- Born: Thomas Colgrove Hanks November 29, 1944 Washington, DC, U.S.
- Died: March 5, 2024 (aged 79) Palo Alto, California, U.S.
- Education: Princeton California Institute of Technology
- Known for: Moment magnitude scale
- Scientific career
- Fields: Seismology

= Thomas C. Hanks =

American seismologist

Thomas Colgrove Hanks (November 29, 1944 – March 5, 2024) was an American seismologist. He worked for the US Geological Survey (USGS) in Menlo Park, California. Dr. Hanks was a member of the Seismological Society of America, the American Geophysical Union, the Earthquake Engineering Research Institute, the Geological Society of America, the Peninsula Geological Society at Stanford, and many related geological societies. Dr. Hanks authored dozens of scholarly papers in strong-motion seismology and tectonic geomorphology.

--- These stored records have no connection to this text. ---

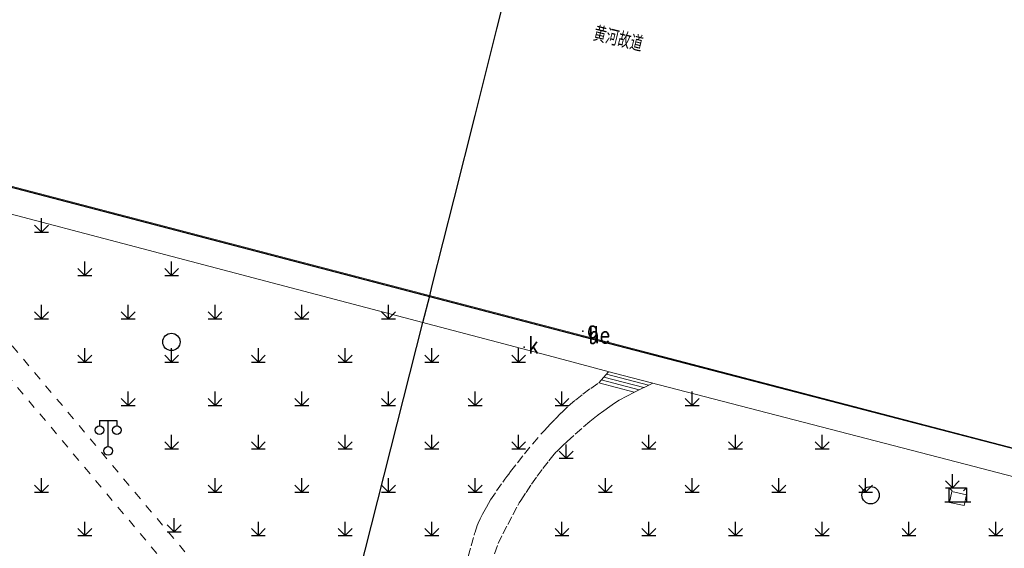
# Model space of a CAD drawing. Extents: x 39508475 to 39522402, y 3783947 to 3795549.
# Tile 102 of 256: x 39514112 to 39514226, y 3794339 to 3794399. Entities that reach past the tile are written whole.
import ezdxf
from ezdxf.enums import TextEntityAlignment as Align

# ---------------------------------------------------------------- set-up
doc = ezdxf.new("R2010")
doc.units = 0
doc.header["$PDSIZE"] = 0.2
doc.linetypes.add('X6', pattern=[2, 1, -1])
doc.layers.get('0').update_dxf_attribs({"linetype": 'CONTINUOUS'})
for name, color, linetype in [('DLSS', 4, 'CONTINUOUS'), ('JCDL_DMX_F', 30, 'CONTINUOUS'), ('JCDL_JMDD_F', 231, 'CONTINUOUS'), ('JCDL_JMDX_F', 231, 'CONTINUOUS'), ('JCDL_JTD_F', 100, 'CONTINUOUS'), ('SXSS', 5, 'CONTINUOUS'), ('ZBTZ', 3, 'CONTINUOUS'), ('zdh', 7, 'CONTINUOUS'), ('断面线', 2, 'CONTINUOUS')]:
    doc.layers.add(name, color=color, linetype=linetype)
doc.layers.add('JCDL_JMDX', color=1, linetype='CONTINUOUS', lineweight=0)
doc.layers.add('TEXTL_ZJ', color=7, linetype='CONTINUOUS', lineweight=0)
doc.styles.add('HZ', font='rs', dxfattribs={"width": 0.8, "bigfont": 'hztxt'})
doc.linetypes.add('10422', pattern='A,2,[150,AAA.SHX,S=1,R=0,X=0,Y=1],2,[177,AAA.SHX,S=1,R=0,X=0,Y=0.8],1e-09', length=4)
doc.linetypes.add('X35', pattern='A,2,[150,AAA.SHX,S=1,R=0,X=0,Y=1],2,[177,AAA.SHX,S=1,R=0,X=0,Y=0.8],1e-09', length=4)
doc.linetypes.add('X67', pattern='A,1,[150,symbolx.shx,S=1,R=0,X=0,Y=1],2,[153,symbolx.shx,S=1,R=0,X=0,Y=0.8],2,[145,symbolx.shx,S=1,R=0,X=0,Y=0],0,[150,symbolx.shx,S=1,R=0,X=0,Y=1],2,[153,symbolx.shx,S=1,R=0,X=0,Y=0.8],2,[150,symbolx.shx,S=1,R=0,X=0,Y=1],0.5,-0.5,[146,symbolx.shx,S=1,R=0,X=0,Y=0],-0.5,0.5,[153,symbolx.shx,S=1,R=0,X=0,Y=0.8],1', length=12)

# ---------------------------------------------------------------- blocks, each defined once
blk = doc.blocks.new('5820000')
at = {"color": 0, "linetype": 'Continuous'}
blk.add_circle((0, 0), 1, dxfattribs=at)
blk = doc.blocks.new('9530003')
at = {"color": 0}
for p, q in [((0, 0), (0, 1.6)), ((-0.8, 0), (0.8, 0))]:
    blk.add_line(p, q, dxfattribs=at)
at = {"color": 0, "linetype": 'Continuous'}
for points in [[(0, 0), (-0.8, 0.8)], [(0, 0), (0.8, 0.8)]]:
    blk.add_lwpolyline(points, dxfattribs=at)
blk = doc.blocks.new('3552000')
at = {"color": 0}
for p, q in [((-1, 1.6), (-0.65, 1.25)), ((-1, 1.6), (1, 1.6)), ((-1, 0), (-1, 1.6)), ((1, 1.6), (0.65, 1.25)), ((1, 1.6), (1, 0)), ((-1.5, 0), (1.5, 0))]:
    blk.add_line(p, q, dxfattribs=at)
blk = doc.blocks.new('3521000')
at = {"color": 0}
for p, q in [((-1, 3.5), (1, 3.5)), ((0, 0.5), (0, 3.5))]:
    blk.add_line(p, q, dxfattribs=at)
at = {"color": 0, "linetype": 'Continuous', "flags": 128}
for points in [[(-1, 3.5), (-1, 2.9)], [(1, 3.5), (1, 2.9)]]:
    blk.add_lwpolyline(points, dxfattribs=at)
at = {"color": 0}
for centre in [(-1, 2.4), (1, 2.4), (0, 0)]:
    blk.add_circle(centre, 0.5, dxfattribs=at)

msp = doc.modelspace()

# ---------------------------------------------------------------- linework, layer by layer
at = {"layer": 'DLSS', "linetype": 'X6', "lineweight": 0}
for points in [[(39514147.854, 3794320.719), (39514132.8166, 3794336.58327), (39514109.95644, 3794363.86062), (39514107.51488, 3794365.78571), (39514098.44553, 3794372.54266), (39514093.19231, 3794375.81471), (39514087.81693, 3794378.75561), (39514081.223, 3794380.09)], [(39514146.571, 3794318.137), (39514130.871, 3794334.857), (39514108.136, 3794361.985), (39514105.933, 3794363.722), (39514096.979, 3794370.393), (39514091.88, 3794373.569), (39514086.87, 3794376.31), (39514083.102, 3794377.225)], [(39514164.16474, 3794337.58333), (39514164.51567, 3794338.82006), (39514164.87254, 3794340.05509), (39514164.92365, 3794340.22804), (39514164.976, 3794340.40061), (39514165.05357, 3794340.65079), (39514165.13239, 3794340.90058), (39514165.2258, 3794341.16761), (39514165.33417, 3794341.42892), (39514165.57331, 3794341.94271), (39514165.82687, 3794342.44954), (39514166.28344, 3794343.28605), (39514166.77571, 3794344.10206), (39514167.46042, 3794345.14509), (39514168.17916, 3794346.16497), (39514168.41768, 3794346.49072), (39514168.65727, 3794346.81567), (39514168.86433, 3794347.09442), (39514169.07246, 3794347.37237), (39514169.86195, 3794348.40413), (39514170.66888, 3794349.4223), (39514171.59763, 3794350.55628), (39514172.54338, 3794351.67613), (39514172.66076, 3794351.8091), (39514172.78191, 3794351.93864), (39514173.49644, 3794352.67941), (39514174.2126, 3794353.4186), (39514174.93038, 3794354.15622), (39514175.71352, 3794354.91204), (39514176.54097, 3794355.61906), (39514177.42045, 3794356.30682), (39514178.31767, 3794356.97129), (39514179.232, 3794357.612)], [(39514167.22289, 3794337.90218), (39514167.6488, 3794339.0664), (39514168.17207, 3794340.19022), (39514168.74231, 3794341.28369), (39514169.3178, 3794342.3744), (39514169.89854, 3794343.46232), (39514170.06301, 3794343.75455), (39514170.239, 3794344.04), (39514170.8538, 3794344.97892), (39514171.48229, 3794345.90872), (39514172.12436, 3794346.8292), (39514172.78148, 3794347.72468), (39514173.46809, 3794348.59776), (39514173.78502, 3794348.98471), (39514174.10441, 3794349.36963), (39514174.18601, 3794349.46486), (39514174.27, 3794349.558), (39514174.44176, 3794349.73867), (39514174.61837, 3794349.9146), (39514175.11243, 3794350.38875), (39514175.61116, 3794350.85798), (39514176.53369, 3794351.70139), (39514177.47179, 3794352.52744), (39514178.22598, 3794353.16372), (39514178.995, 3794353.782), (39514179.07923, 3794353.8469), (39514179.16459, 3794353.9103), (39514179.83042, 3794354.39467), (39514180.49735, 3794354.87751), (39514181.04371, 3794355.25206), (39514181.6078, 3794355.59934), (39514182.47069, 3794356.08298), (39514183.349, 3794356.538)]]:
    msp.add_lwpolyline(points, dxfattribs=at)
at = {"layer": 'JCDL_DMX_F', "color": 3, "linetype": 'X35', "lineweight": 0}
msp.add_lwpolyline([(39514060.79107, 3794389.66436), (39514061.02901, 3794390.37099), (39514173.965, 3794360.60101), (39514181.017, 3794358.712), (39514221.492, 3794348.245), (39514250, 3794340.82652)], dxfattribs=at)
at = {"layer": 'JCDL_JMDX', "color": 6, "linetype": 'X67', "lineweight": 0}
msp.add_lwpolyline([(39514250, 3794344.06331), (39514054.71, 3794395.109)], dxfattribs=at)
at = {"layer": 'JCDL_JMDX', "color": 6, "linetype": 'Continuous', "lineweight": 0}
for points in [[(39514180.12318, 3794358.61787), (39514184.98715, 3794357.33398)], [(39514179.52906, 3794357.94729), (39514183.88374, 3794356.79783)], [(39514179.82612, 3794358.28258), (39514184.43544, 3794357.0659)]]:
    msp.add_lwpolyline(points, dxfattribs=at)
at = {"layer": 'JCDL_JMDX_F', "linetype": 'Continuous', "lineweight": 0}
for points in [[(39514180.36202, 3794358.88745), (39514179.232, 3794357.612)], [(39514179.232, 3794357.612), (39514183.33306, 3794356.52949)], [(39514183.349, 3794356.538), (39514185.45905, 3794357.56327)], [(39514221.353, 3794343.454), (39514219.67604, 3794343.83), (39514219.95712, 3794345.08366), (39514221.63409, 3794344.70767), (39514221.353, 3794343.454)]]:
    msp.add_lwpolyline(points, dxfattribs=at)
at = {"layer": 'SXSS', "linetype": '10422', "flags": 128}
msp.add_lwpolyline([(39513756.18601, 3794467.952), (39513758.239, 3794468.155), (39513764.34701, 3794469.439), (39513766.39899, 3794469.28), (39513774.125, 3794467.33899), (39513772.71299, 3794464.381), (39513778.566, 3794461.488), (39513779.79177, 3794463.43947), (39513780.299, 3794464.247), (39513780.903, 3794466.20999), (39514000, 3794407.06076), (39514051.86799, 3794393.187), (39514052.09301, 3794393.7206), (39514052.28091, 3794394.0134), (39514052.42632, 3794394.19422), (39514052.85242, 3794394.58647), (39514053.35194, 3794394.87954), (39514054.13099, 3794395.09885), (39514054.59426, 3794395.11719), (39514063.01123, 3794392.93919), (39514087.67, 3794386.382), (39514177.532, 3794362.919), (39514250, 3794344.06331), (39514311.22699, 3794328.05956)], dxfattribs=at)
at = {"layer": 'zdh', "color": 1}
for p in [(39514177.393, 3794363.566, 35.464), (39514177.532, 3794362.919, 36.552), (39514170.64, 3794361.742, 37.465)]:
    msp.add_point(p, dxfattribs=at)
at = {"layer": '断面线', "color": 1, "flags": 128}
msp.add_lwpolyline([(39514143.28032, 3794302.18281), (39514147.09443, 3794317.34288), (39514147.854, 3794320.719), (39514158.97201, 3794364.55317), (39514159.75182, 3794367.65274), (39514160.04965, 3794368.83653), (39514162.56533, 3794378.83569), (39514164.97838, 3794388.42696), (39514167.49299, 3794398.42184), (39514169.79417, 3794407.56845), (39514172.34884, 3794417.72259), (39514174.59186, 3794426.63803), (39514176.50771, 3794434.25302), (39514176.5924, 3794434.58964), (39514178.04285, 3794440.3548), (39514178.82665, 3794443.4702), (39514179.1507, 3794444.75821), (39514181.37509, 3794453.59959), (39514184.48367, 3794465.95538)], dxfattribs=at)

# ---------------------------------------------------------------- block references
at = {"layer": 'JCDL_JMDD_F'}
for name, p in [('3521000', (39514122.683, 3794349.754)), ('3552000', (39514220.63264, 3794343.89557))]:
    msp.add_blockref(name, p, dxfattribs=at)
at = {"layer": 'JCDL_JTD_F'}
for p in [(39514129.98, 3794362.327), (39514210.579, 3794344.656)]:
    msp.add_blockref('5820000', p, dxfattribs=at)
at = {"layer": 'ZBTZ'}
for p in [(39514115, 3794375), (39514120, 3794370), (39514130, 3794370), (39514115, 3794365), (39514125, 3794365), (39514135, 3794365), (39514145, 3794365), (39514155, 3794365), (39514120, 3794360), (39514130, 3794360), (39514140, 3794360), (39514150, 3794360), (39514160, 3794360), (39514170, 3794360), (39514125, 3794355), (39514135, 3794355), (39514145, 3794355), (39514155, 3794355), (39514165, 3794355), (39514175, 3794355), (39514190, 3794355), (39514130, 3794350), (39514140, 3794350), (39514150, 3794350), (39514160, 3794350), (39514170, 3794350), (39514185, 3794350), (39514195, 3794350), (39514205, 3794350), (39514175.48439, 3794348.91447), (39514220, 3794345.4935), (39514115, 3794345), (39514135, 3794345), (39514145, 3794345), (39514155, 3794345), (39514165, 3794345), (39514180, 3794345), (39514190, 3794345), (39514200, 3794345), (39514210, 3794345), (39514120, 3794340), (39514130.28925, 3794340.42193), (39514140, 3794340), (39514150, 3794340), (39514160, 3794340), (39514175, 3794340), (39514185, 3794340), (39514195, 3794340), (39514205, 3794340), (39514215, 3794340), (39514225, 3794340)]:
    msp.add_blockref('9530003', p, dxfattribs=at)

# ---------------------------------------------------------------- texts
at = {"layer": 'TEXTL_ZJ', "style": 'HZ', "width": 0.8}
msp.add_text('黄河故道', height=1.8, rotation=-13.557202, dxfattribs=at).set_placement((39514178.35197, 3794396.56089), align=Align.BOTTOM_LEFT)
at = {"layer": 'zdh', "color": 1, "style": 'HZ', "width": 0.8}
for s, p in [('g', (39514177.893, 3794362.816, 35.464)), ('he', (39514178.032, 3794362.169, 36.552)), ('k', (39514171.14, 3794360.992, 37.465))]:
    msp.add_text(s, height=2, dxfattribs=at).set_placement(p)

doc.saveas('drawing.dxf')

Hanks was born in Washington DC, the middle of three sons. Hanks graduated with a B.S.E. in geological engineering from Princeton University in 1966 after completing a senior thesis titled "The meaning of a heat flow experiment on Mars." He later received his PhD from the California Institute of Technology in 1972 after completing a dissertation titled "A Contribution to the Determination and Interpretation of Seismic Source Parameters".

In 1979 the Japanese-American seismologist Hiroo Kanamori, professor of seismology at the California Institute of Technology and Dr. Hanks suggested the use of moment magnitude scale to replace the Richter magnitude scale for measuring the relative strength of earthquakes. The reason was that the Richter scale saturates at magnitudes greater than about 5.5, while the Moment magnitude scale does not saturate.

On March 5, 2024, Dr Hanks died from a stroke after battling prostate cancer. A scientific symposium celebrating his life was held by the USGS at the Ames NASA Research Center in October 2024.